The little book series was about fundamental investment along the Buffett (and Benjamin Graham) school of thought. Soros on the other hand is a strategic and macroeconomic thinker, familiar with global trends - he is uniquely qualified to have a world view; born in Hungary, fleeing Eastern Europe in the wake of both the Nazi and then Communist take over, studying economics in London, earning his living as a stock broker, before moving to Wall Street in New York and soon started a hedge fund. Buffett on the other hand, never left the country, studying the fundamentals of companies and buying and holding stock or businesses while Soros made his riches exploiting opportunities all over the world, gaining notoriety when shorting the British pound and 'breaking' the bank of England.
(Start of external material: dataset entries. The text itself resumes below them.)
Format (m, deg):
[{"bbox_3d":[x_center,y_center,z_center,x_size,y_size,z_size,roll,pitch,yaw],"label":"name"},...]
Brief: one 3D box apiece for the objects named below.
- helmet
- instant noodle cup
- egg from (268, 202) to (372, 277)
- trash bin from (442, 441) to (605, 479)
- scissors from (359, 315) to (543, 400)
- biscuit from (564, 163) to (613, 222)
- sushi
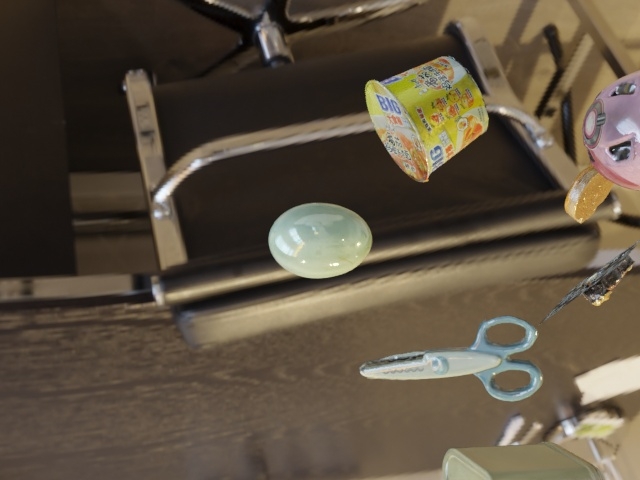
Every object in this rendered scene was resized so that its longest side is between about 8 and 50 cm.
[{"bbox_3d":[0.502,-0.180,1.447,0.154,0.199,0.253,6,176,-34],"label":"helmet"},{"bbox_3d":[0.193,-0.227,1.625,0.153,0.205,0.205,-30,145,-13],"label":"instant noodle cup"},{"bbox_3d":[0.000,0.000,2.016,0.230,0.168,0.168,0,141,-3],"label":"egg"},{"bbox_3d":[0.399,0.480,1.803,0.247,0.243,0.121,4,94,-18],"label":"trash bin"},{"bbox_3d":[0.202,0.194,1.438,0.289,0.041,0.138,-7,102,16],"label":"scissors"},{"bbox_3d":[0.633,-0.121,2.150,0.170,0.050,0.170,-32,144,-27],"label":"biscuit"},{"bbox_3d":[0.388,0.067,1.267,0.139,0.031,0.201,-43,170,31],"label":"sushi"}]
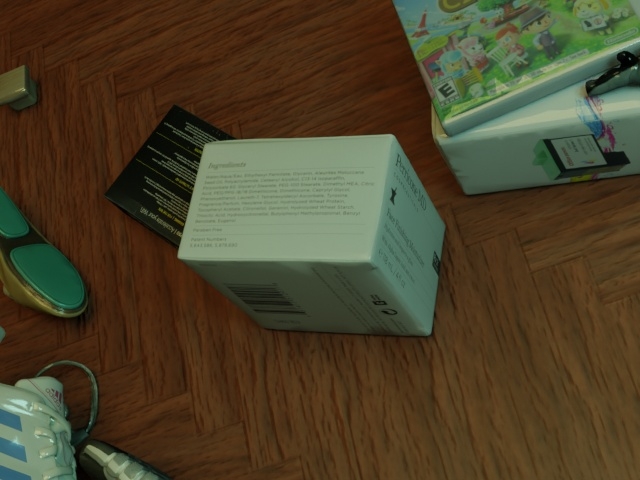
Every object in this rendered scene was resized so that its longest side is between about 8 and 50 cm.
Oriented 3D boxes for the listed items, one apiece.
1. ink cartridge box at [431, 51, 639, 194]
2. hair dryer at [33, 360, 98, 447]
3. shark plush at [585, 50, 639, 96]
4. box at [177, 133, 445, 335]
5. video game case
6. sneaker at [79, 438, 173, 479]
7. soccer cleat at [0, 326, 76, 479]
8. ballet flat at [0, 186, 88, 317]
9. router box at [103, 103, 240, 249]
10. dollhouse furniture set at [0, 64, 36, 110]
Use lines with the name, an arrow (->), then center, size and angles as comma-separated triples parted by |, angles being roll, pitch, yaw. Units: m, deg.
ink cartridge box -> 0.250, -0.168, 0.858 | 0.278, 0.117, 0.201 | -7, 63, 19
hair dryer -> -0.364, 0.247, 0.936 | 0.224, 0.080, 0.293 | 3, 67, 24
shark plush -> 0.291, -0.133, 0.726 | 0.161, 0.073, 0.067 | -8, 95, 14
box -> 0.000, 0.000, 0.842 | 0.182, 0.181, 0.119 | 0, 66, 23
video game case -> 0.179, -0.211, 0.824 | 0.213, 0.023, 0.193 | -23, 58, 12
sneaker -> -0.159, 0.278, 0.827 | 0.229, 0.086, 0.132 | 25, 75, 30
soccer cleat -> -0.275, 0.213, 0.866 | 0.143, 0.116, 0.331 | -36, 76, -17
ballet flat -> -0.340, 0.021, 1.048 | 0.232, 0.080, 0.073 | 47, 123, 25
router box -> -0.132, -0.056, 1.008 | 0.179, 0.046, 0.133 | 31, 81, 33
dollhouse furniture set -> -0.530, -0.063, 1.108 | 0.356, 0.174, 0.303 | -20, 59, 13
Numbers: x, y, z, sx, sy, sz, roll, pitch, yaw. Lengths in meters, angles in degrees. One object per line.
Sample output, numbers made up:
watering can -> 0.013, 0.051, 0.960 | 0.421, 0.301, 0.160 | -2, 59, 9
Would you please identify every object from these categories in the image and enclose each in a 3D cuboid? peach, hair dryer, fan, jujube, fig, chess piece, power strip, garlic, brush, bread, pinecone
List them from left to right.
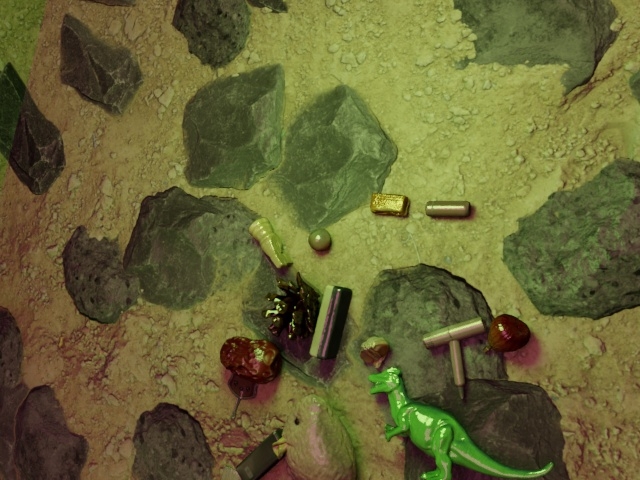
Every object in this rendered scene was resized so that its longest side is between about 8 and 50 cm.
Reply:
brush -> -0.348, 0.978, 2.057 | 0.090, 0.017, 0.315 | 12, 89, 26
fan -> -0.292, 0.552, 2.093 | 0.132, 0.009, 0.220 | 15, 88, 28
jujube -> -0.247, 0.416, 2.020 | 0.230, 0.155, 0.155 | 9, 87, 34
chess piece -> -0.177, 0.019, 2.070 | 0.090, 0.090, 0.200 | -41, 68, 14
pinecone -> -0.101, 0.233, 1.942 | 0.201, 0.202, 0.229 | -20, 87, 26
peach -> -0.002, 0.000, 1.997 | 0.083, 0.083, 0.083 | -4, 81, 24
power strip -> 0.033, 0.280, 1.926 | 0.070, 0.105, 0.257 | 12, 88, 27
garlic -> 0.172, 0.356, 1.868 | 0.113, 0.094, 0.074 | -44, 27, 19
bread -> 0.231, -0.122, 1.921 | 0.132, 0.053, 0.074 | 4, 81, 26
hair dryer -> 0.440, 0.366, 1.754 | 0.195, 0.053, 0.221 | -23, 75, 20
fig -> 0.539, 0.292, 1.684 | 0.119, 0.119, 0.153 | 42, 102, 24

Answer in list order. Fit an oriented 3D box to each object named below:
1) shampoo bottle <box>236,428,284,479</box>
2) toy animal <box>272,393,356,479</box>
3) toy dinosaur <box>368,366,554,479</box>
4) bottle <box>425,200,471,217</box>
shampoo bottle -> -0.180, 0.739, 1.975 | 0.246, 0.079, 0.080 | -45, 69, 13
toy animal -> -0.004, 0.686, 1.842 | 0.226, 0.188, 0.359 | -32, 72, 28
toy dinosaur -> 0.405, 0.543, 1.730 | 0.499, 0.144, 0.375 | -16, 64, 19
bottle -> 0.409, -0.101, 1.834 | 0.140, 0.053, 0.053 | 2, 84, 25
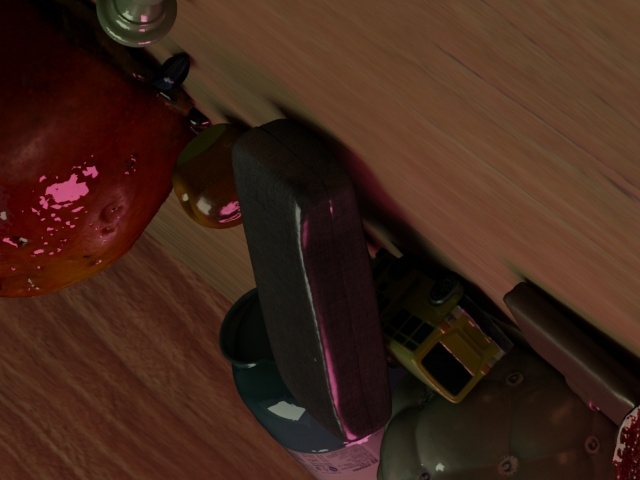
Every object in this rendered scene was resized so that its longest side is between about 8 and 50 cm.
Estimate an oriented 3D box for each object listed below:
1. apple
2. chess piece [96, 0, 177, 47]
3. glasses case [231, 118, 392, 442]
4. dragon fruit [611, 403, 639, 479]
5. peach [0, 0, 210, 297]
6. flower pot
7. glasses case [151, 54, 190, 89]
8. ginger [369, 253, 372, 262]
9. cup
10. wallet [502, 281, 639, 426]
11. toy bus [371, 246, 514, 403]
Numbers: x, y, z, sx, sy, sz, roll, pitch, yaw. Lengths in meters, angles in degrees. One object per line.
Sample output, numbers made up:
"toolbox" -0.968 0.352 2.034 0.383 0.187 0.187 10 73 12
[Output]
"apple" -0.098 -0.060 1.944 0.099 0.102 0.114 54 178 -24
"chess piece" -0.145 -0.200 1.539 0.067 0.067 0.103 41 164 -1
"glasses case" -0.006 0.040 1.759 0.131 0.074 0.323 44 154 45
"dragon fruit" 0.301 0.168 1.401 0.153 0.111 0.153 27 126 45
"peach" -0.316 -0.126 2.118 0.339 0.353 0.416 34 131 0
"flower pot" 0.174 0.217 1.875 0.246 0.195 0.246 39 174 5
"glasses case" -0.142 -0.162 1.846 0.023 0.033 0.083 43 172 -12
"ginger" -0.003 -0.003 1.929 0.137 0.074 0.213 47 -177 21
"cup" 0.061 0.155 2.128 0.290 0.219 0.257 -4 144 35
"wallet" 0.220 0.102 1.568 0.153 0.039 0.118 41 171 26
"toy bus" 0.094 0.079 1.825 0.088 0.101 0.175 44 173 -30
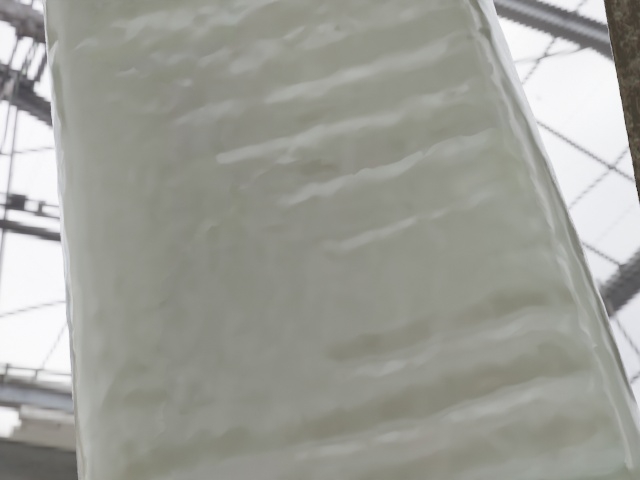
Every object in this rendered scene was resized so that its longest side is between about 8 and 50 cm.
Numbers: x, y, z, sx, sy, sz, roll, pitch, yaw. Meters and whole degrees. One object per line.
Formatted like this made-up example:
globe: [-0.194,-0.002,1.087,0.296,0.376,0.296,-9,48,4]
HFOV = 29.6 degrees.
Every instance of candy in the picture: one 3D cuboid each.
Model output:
candy: [-0.003,0.000,0.507,0.208,0.359,0.145,-16,-34,8]

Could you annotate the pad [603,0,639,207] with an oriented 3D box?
pad: [0.184,-0.066,0.544,0.158,0.235,0.003,-16,7,-38]
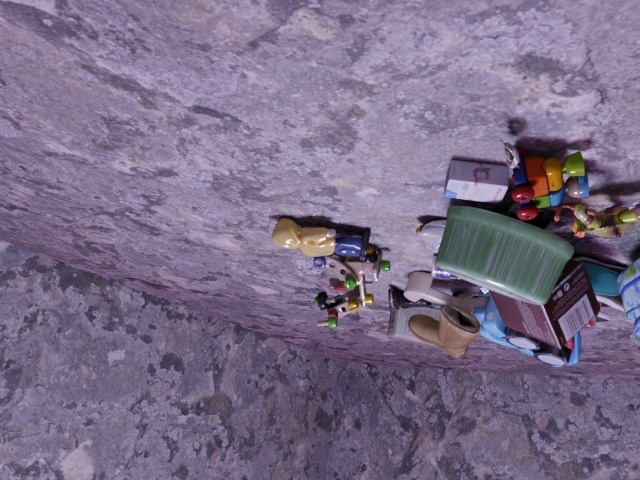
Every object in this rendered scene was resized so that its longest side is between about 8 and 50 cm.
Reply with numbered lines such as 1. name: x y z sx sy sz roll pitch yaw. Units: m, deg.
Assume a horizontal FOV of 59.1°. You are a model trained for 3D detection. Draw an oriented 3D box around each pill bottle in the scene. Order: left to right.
1. pill bottle: 0.406 0.084 1.738 0.120 0.067 0.067 4 160 16

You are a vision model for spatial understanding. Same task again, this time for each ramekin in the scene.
1. ramekin: 0.424 0.040 1.342 0.303 0.148 0.303 21 178 1

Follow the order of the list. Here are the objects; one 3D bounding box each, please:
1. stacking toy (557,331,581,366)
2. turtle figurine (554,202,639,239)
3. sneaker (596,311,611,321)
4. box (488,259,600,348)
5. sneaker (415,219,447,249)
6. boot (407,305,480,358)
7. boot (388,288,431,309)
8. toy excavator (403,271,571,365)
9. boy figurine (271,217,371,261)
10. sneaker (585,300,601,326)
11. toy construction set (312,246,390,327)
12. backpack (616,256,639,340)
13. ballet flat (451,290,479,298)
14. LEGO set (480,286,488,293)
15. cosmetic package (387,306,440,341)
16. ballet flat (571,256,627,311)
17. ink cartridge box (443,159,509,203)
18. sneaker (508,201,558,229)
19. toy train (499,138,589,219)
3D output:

I prefer Buffett's buy and hold strategy, looking for bargain stocks that have lost favor with the general market (thereby cheap) or in a turnaround position but fraught with risk. I am again reading another book by Jim Rogers called 'Street Smarts'. Rogers worked with Soros and co created the Quantum Hedge Fund. He made his riches investing in trends like Soros until he retired and traveled the world. He now lives in Singapore, preparing his family for the coming Chinese century, his young children studying Mandarin. Soros and Rogers have a world view and are strategic thinkers similar to other known investors like Mark Mobius and John Templeton. In experience I am biased towards the Soros view, born in one Asian country (Philippines) where I studied economics (that dismal science), living and investing in Singapore, following a buy and hold strategy and moving to the US and modestly investing in American stocks and real estate following value investing guidelines.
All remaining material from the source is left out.